▸ Task description
What lines in the records include the string "angles"? Return each one.

▸ Supplied material
━━━━

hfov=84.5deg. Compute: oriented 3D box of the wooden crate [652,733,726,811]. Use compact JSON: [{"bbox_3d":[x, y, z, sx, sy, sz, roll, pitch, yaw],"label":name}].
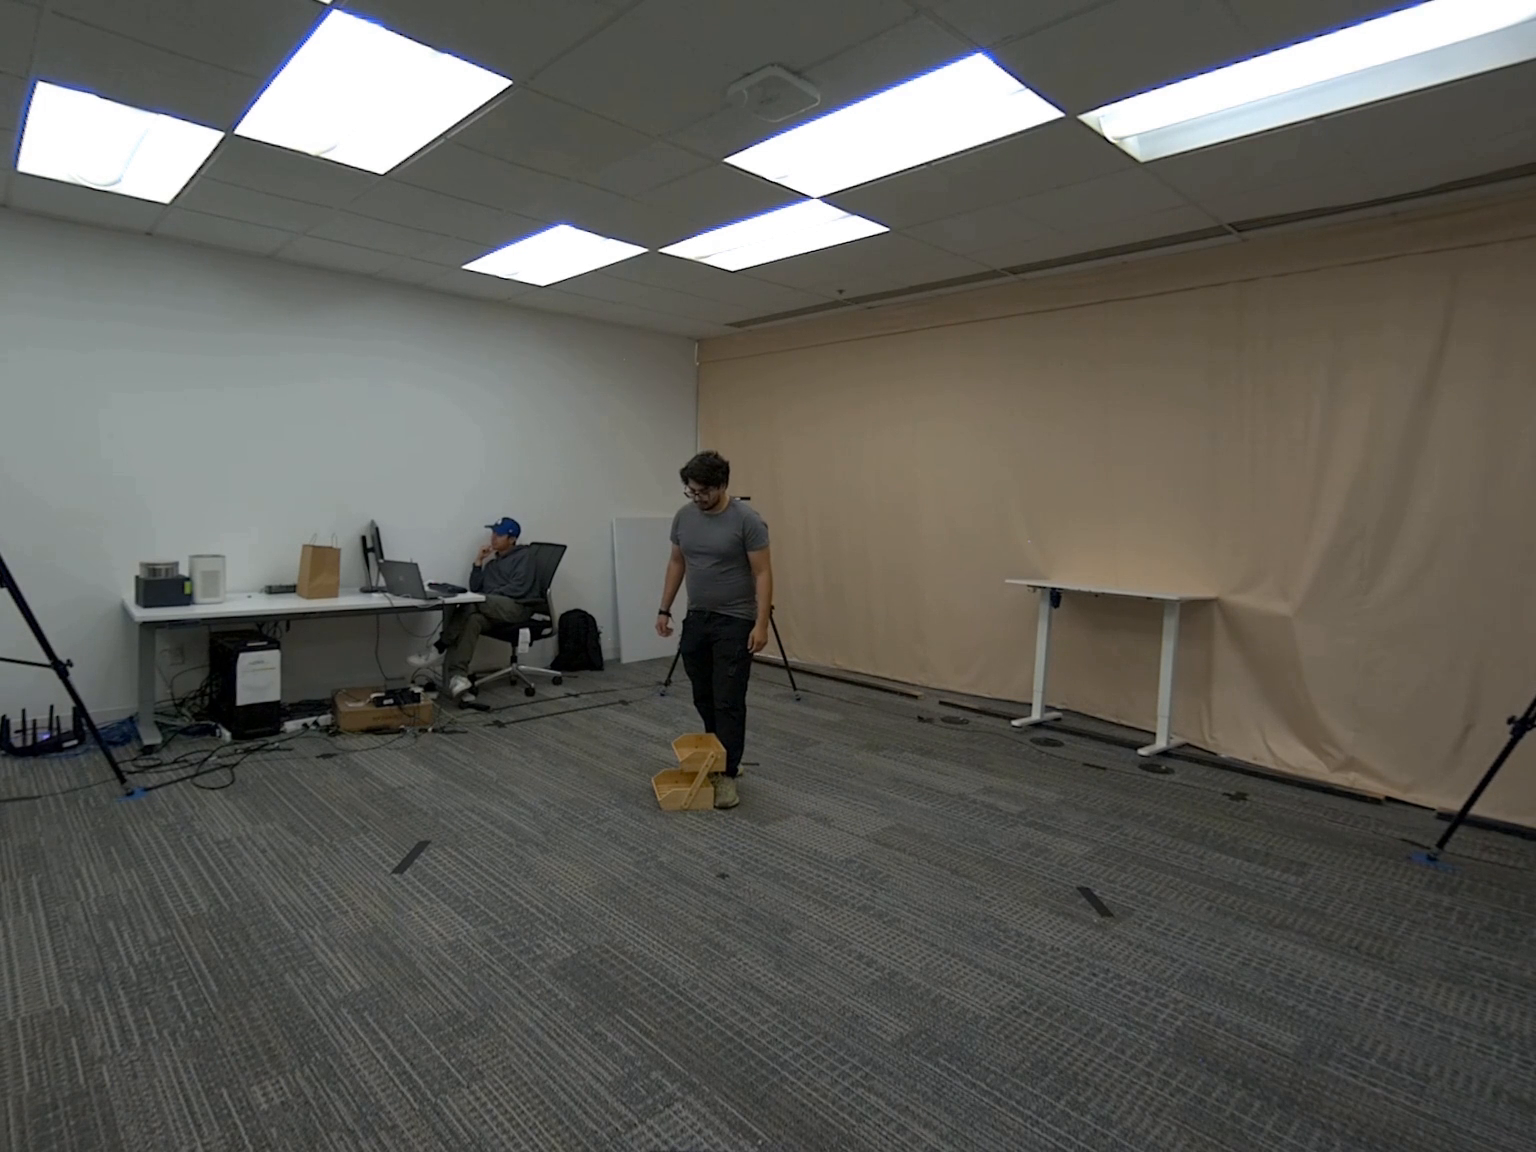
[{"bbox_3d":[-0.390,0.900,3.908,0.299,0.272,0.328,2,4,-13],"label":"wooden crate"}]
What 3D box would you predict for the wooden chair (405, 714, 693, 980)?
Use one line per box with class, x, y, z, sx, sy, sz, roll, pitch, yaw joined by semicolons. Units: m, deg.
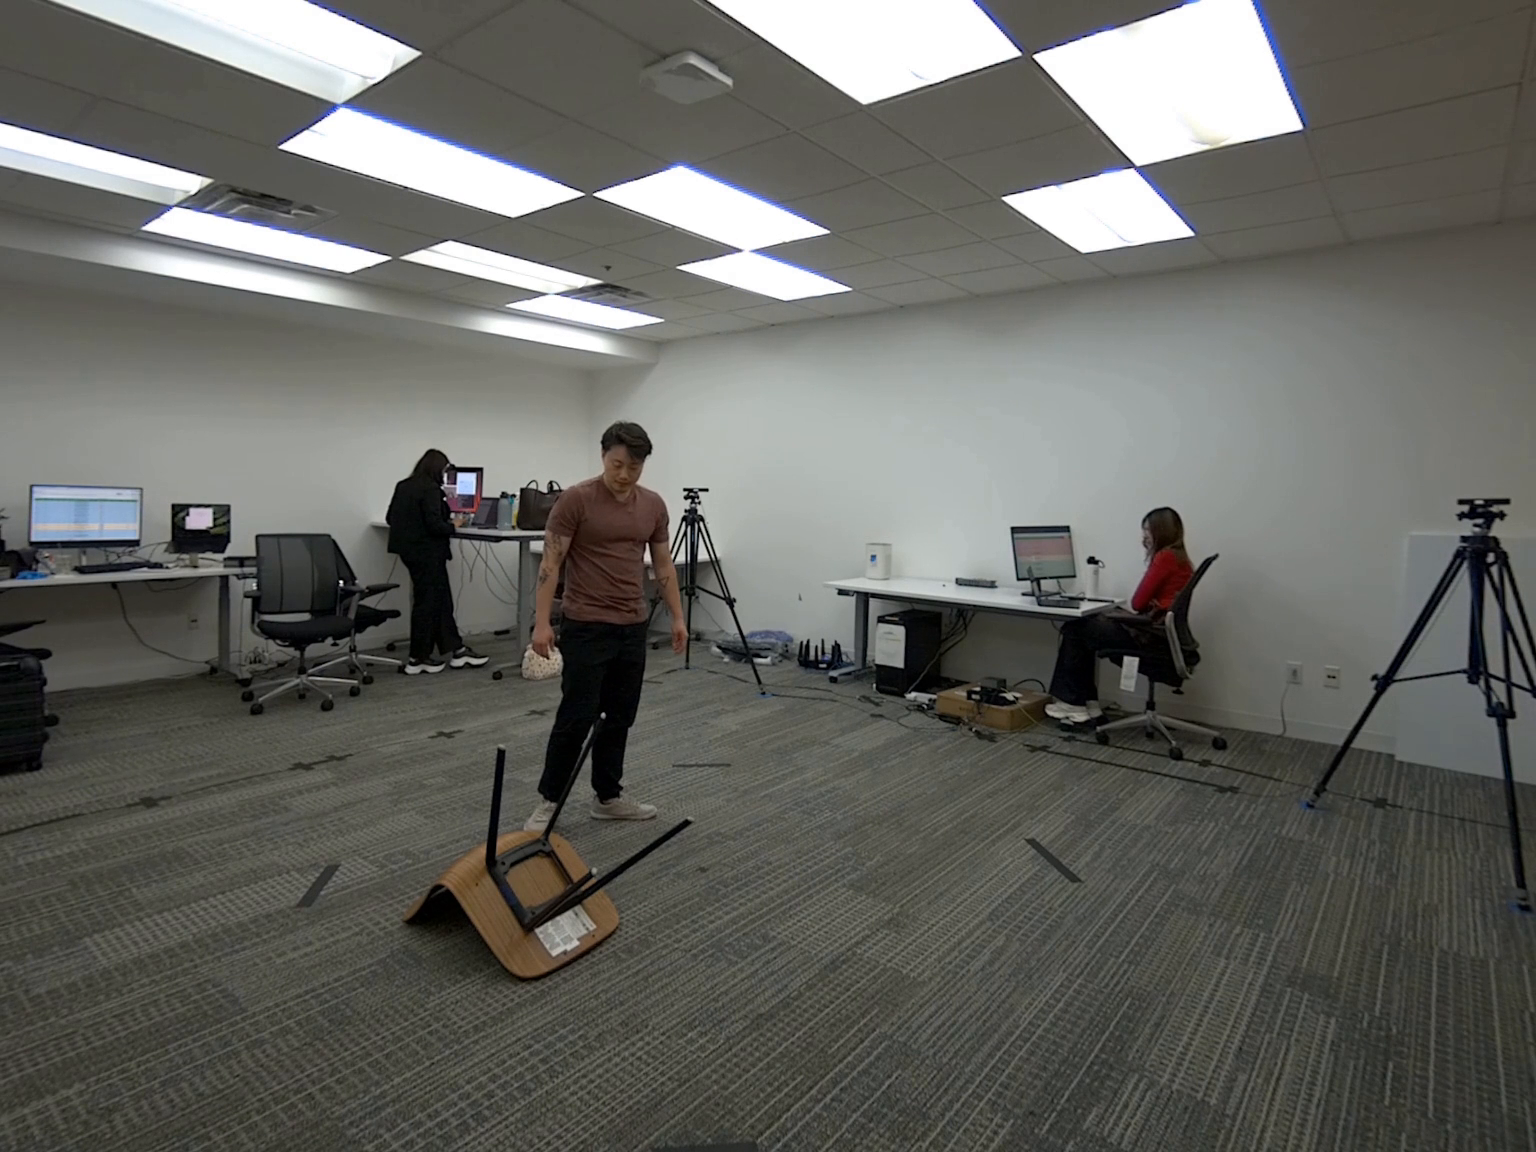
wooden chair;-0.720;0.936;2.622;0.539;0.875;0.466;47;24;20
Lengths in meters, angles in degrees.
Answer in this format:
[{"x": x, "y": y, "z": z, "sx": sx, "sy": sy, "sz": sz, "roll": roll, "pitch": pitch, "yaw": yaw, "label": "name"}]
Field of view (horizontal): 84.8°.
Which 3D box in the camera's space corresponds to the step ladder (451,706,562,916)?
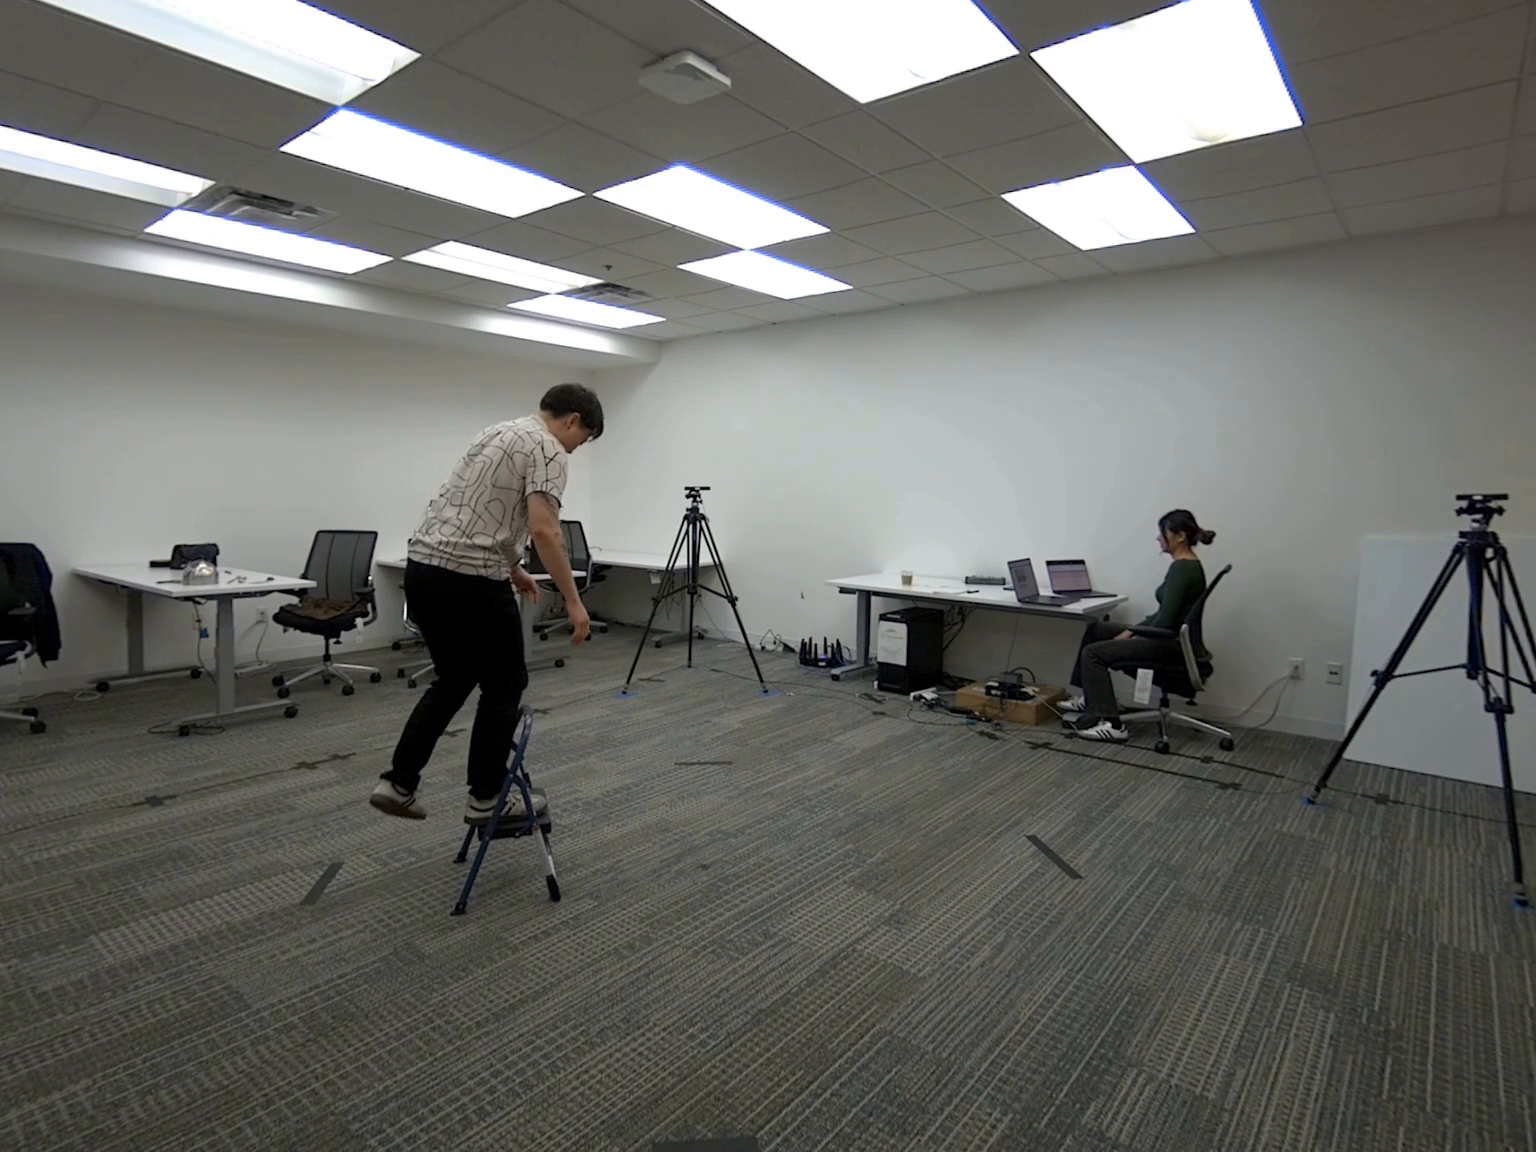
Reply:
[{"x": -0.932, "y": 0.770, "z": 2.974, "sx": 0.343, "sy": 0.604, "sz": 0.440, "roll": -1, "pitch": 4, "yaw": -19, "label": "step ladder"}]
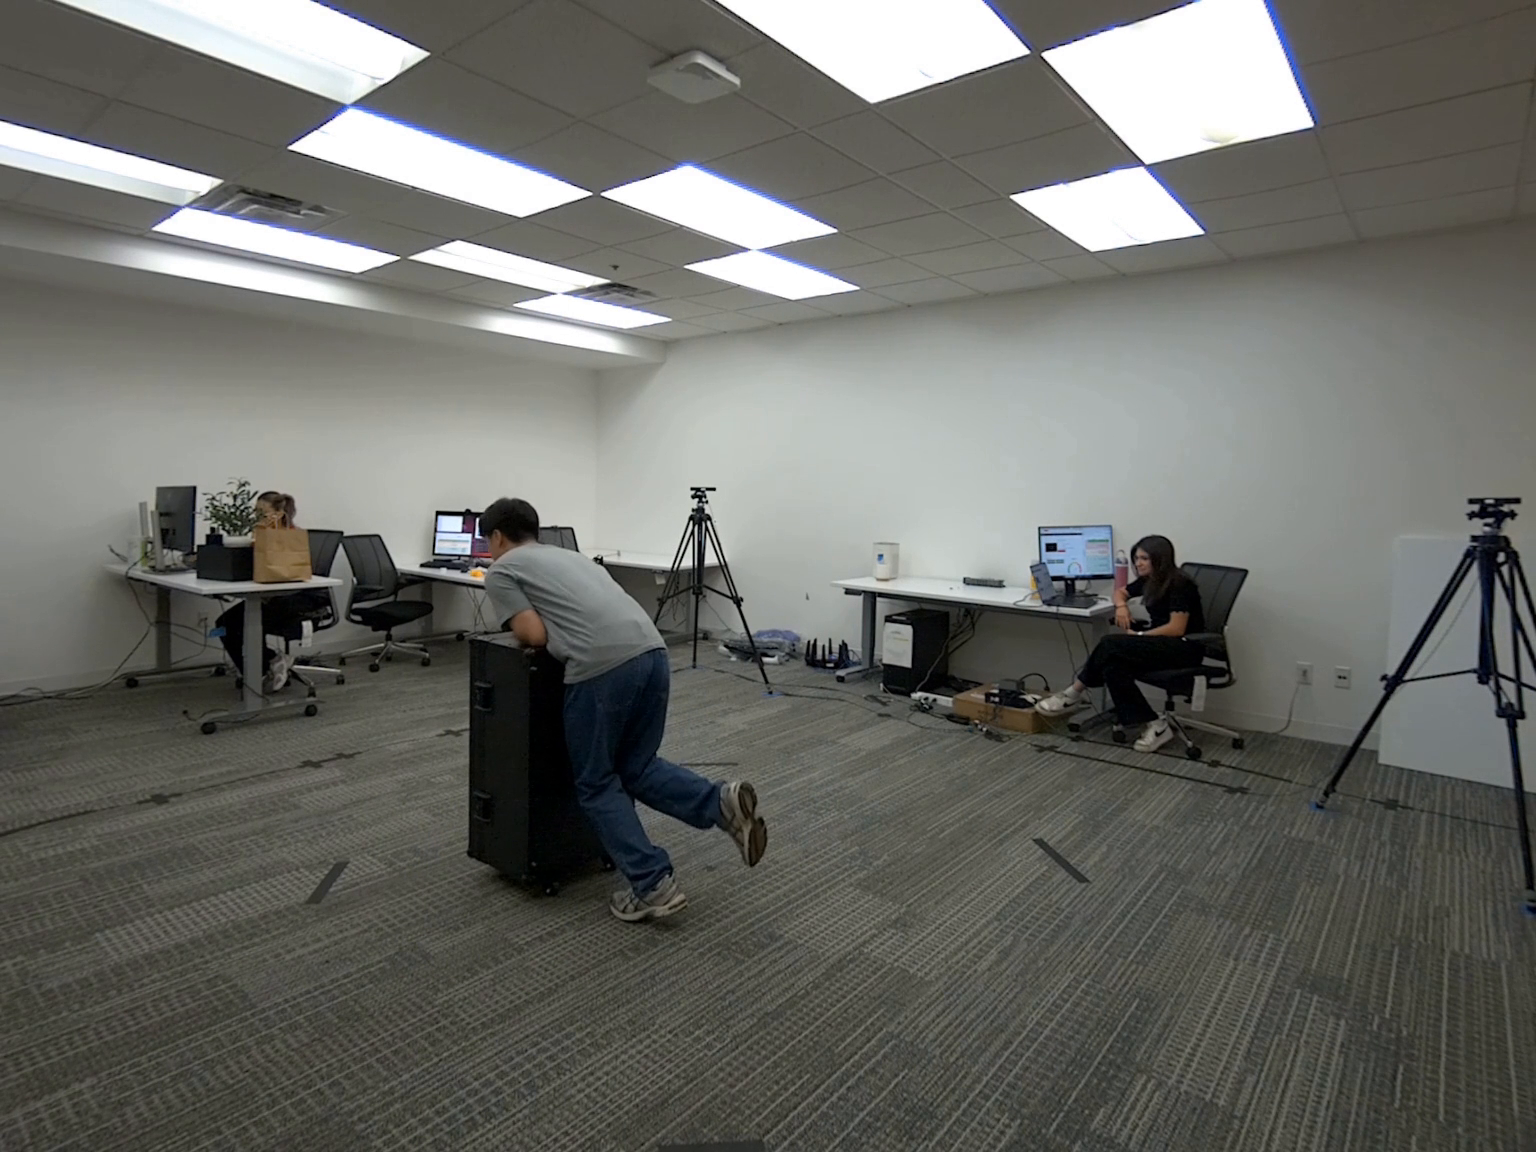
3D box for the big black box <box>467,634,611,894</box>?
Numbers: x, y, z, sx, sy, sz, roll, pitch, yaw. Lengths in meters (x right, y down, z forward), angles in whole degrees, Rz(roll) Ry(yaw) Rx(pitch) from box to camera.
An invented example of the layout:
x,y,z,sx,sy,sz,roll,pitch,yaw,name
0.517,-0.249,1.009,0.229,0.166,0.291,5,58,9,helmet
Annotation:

━━━━

▸ Finished exercise
Lengths in meters, angles in degrees.
Numbers: x, y, z, sx, sy, sz, roll, pitch, yaw. Lengths in meters (x right, y down, z forward), angles in whole degrees, Rz(roll) Ry(yaw) Rx(pitch) from box to camera.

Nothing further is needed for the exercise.